64 bytes from 127.0.0.1: icmp_seq=1 ttl=64 time=0.030 ms
Pinging the Default Gateway
This confirms if the local device can reach the router that serves as the gateway to other networks.
In this test, users most often utilize the default gateway address because the router typically remains operational at all times. If the default gateway address fails to respond, users can send a ping to the IP address of another operational host within the local network.
So either the default gateway or another host responds, then the local host can successfully communicate over the local network. If the default gateway does not respond but another host does, this could indicate a problem with the router interface serving as the default gateway.
$ ping <gateway_IPv4_or_IPv6>
PING <gateway_IPv4_or_IPv6> (<gateway_IPv4_or_IPv6>) 56(84) bytes of data.
64 bytes from <gateway_IPv4_or_IPv6>: icmp_seq=1 ttl=64 time=0.520 ms
Pinging a Remote Host
It helps assess the connectivity between your device and another host on the network or the internet.
If this ping is successful, the operation of a large piece of the internetwork can be verified. A successful ping across the internetwork confirms communication on the local network, the operation of the router serving as the default gateway, and the operation of all other routers that might be in the path between the local network and the network of the remote host.
Additionally, the functionality of the remote host can be verified.

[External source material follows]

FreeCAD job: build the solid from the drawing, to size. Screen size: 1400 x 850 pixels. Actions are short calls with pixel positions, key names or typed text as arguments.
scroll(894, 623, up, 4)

So, if the remote host could not communicate outside of its local network, it would not have responded.
$ ping <remote_host_IPv4_or_IPv6>
PING <remote_host_IPv4_or_IPv6> (<remote_host_IPv4_or_IPv6>) 56(84) bytes of data.
64 bytes from <remote_host_IPv4_or_IPv6>: icmp_seq=1 ttl=55 time=20.1 ms
Using Traceroute to Test the Path
Traceroute is a diagnostic tool that displays the route (path) and measures transit delays of packets across an IP network.

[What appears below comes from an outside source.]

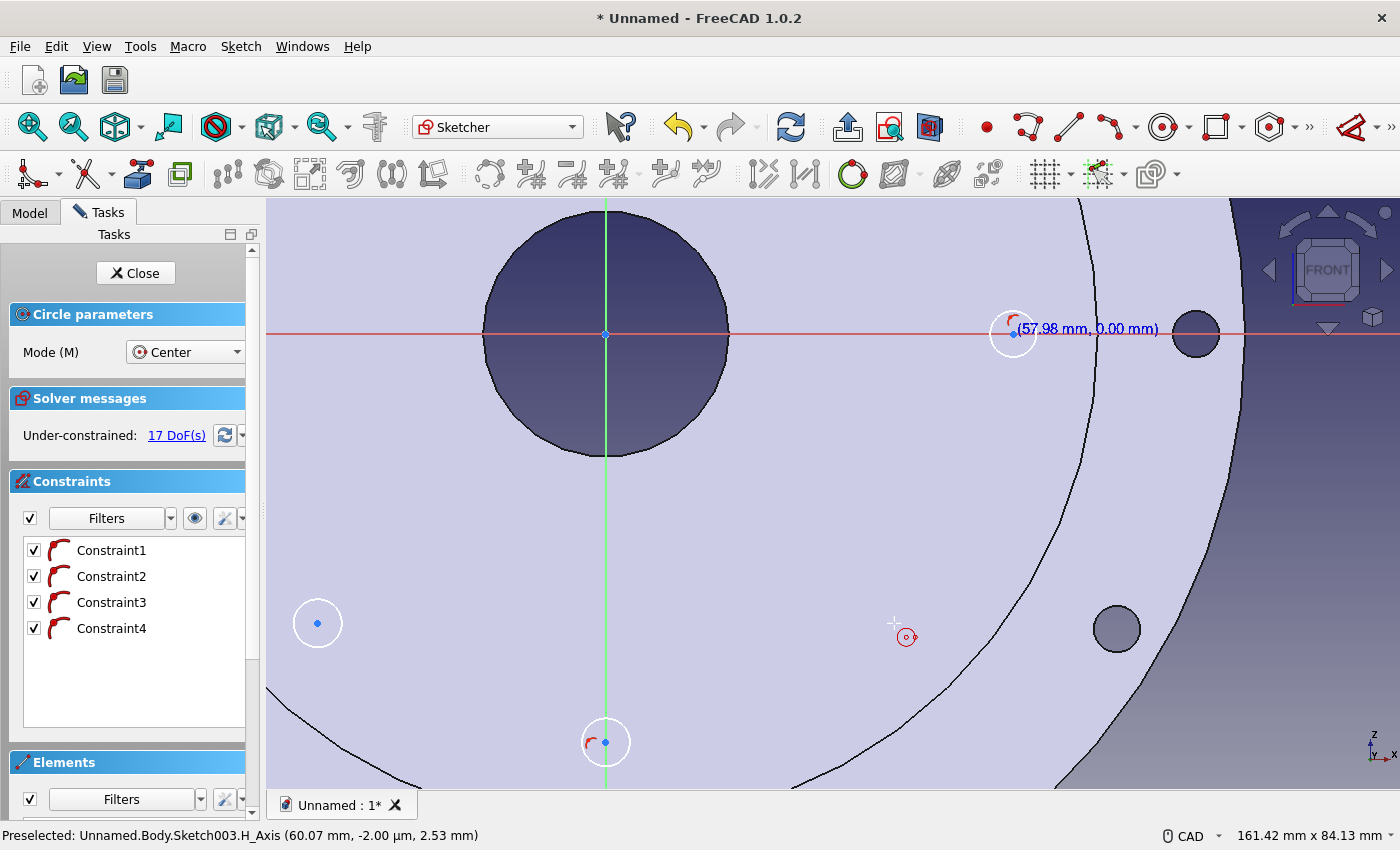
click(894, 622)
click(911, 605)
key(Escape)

$ traceroute <destination_IPv4_or_IPv6>
Traceroute illustrates the path taken by packets to reach the specified destination, showcasing the intermediate hops and their response times.
Round Trip Time (RTT)
Using traceroute provides round-trip time for each hop along the path and indicates if a hop fails to respond. The round-trip time is the time a packet takes to reach the remote host and for the response from the host to return.
IPv4 TTL and IPv6 Hop Limit
Traceroute makes use of a function of the TTL field in IPv4 and the Hop Limit field in IPv6 in the Layer 3 headers, along with the ICMP Time Exceeded message.
In conclusion, understanding ICMP messages and utilizing tools like ping and traceroute aids in diagnosing network issues, ensuring robust connectivity and effective troubleshooting within IPv4 and IPv6 environments.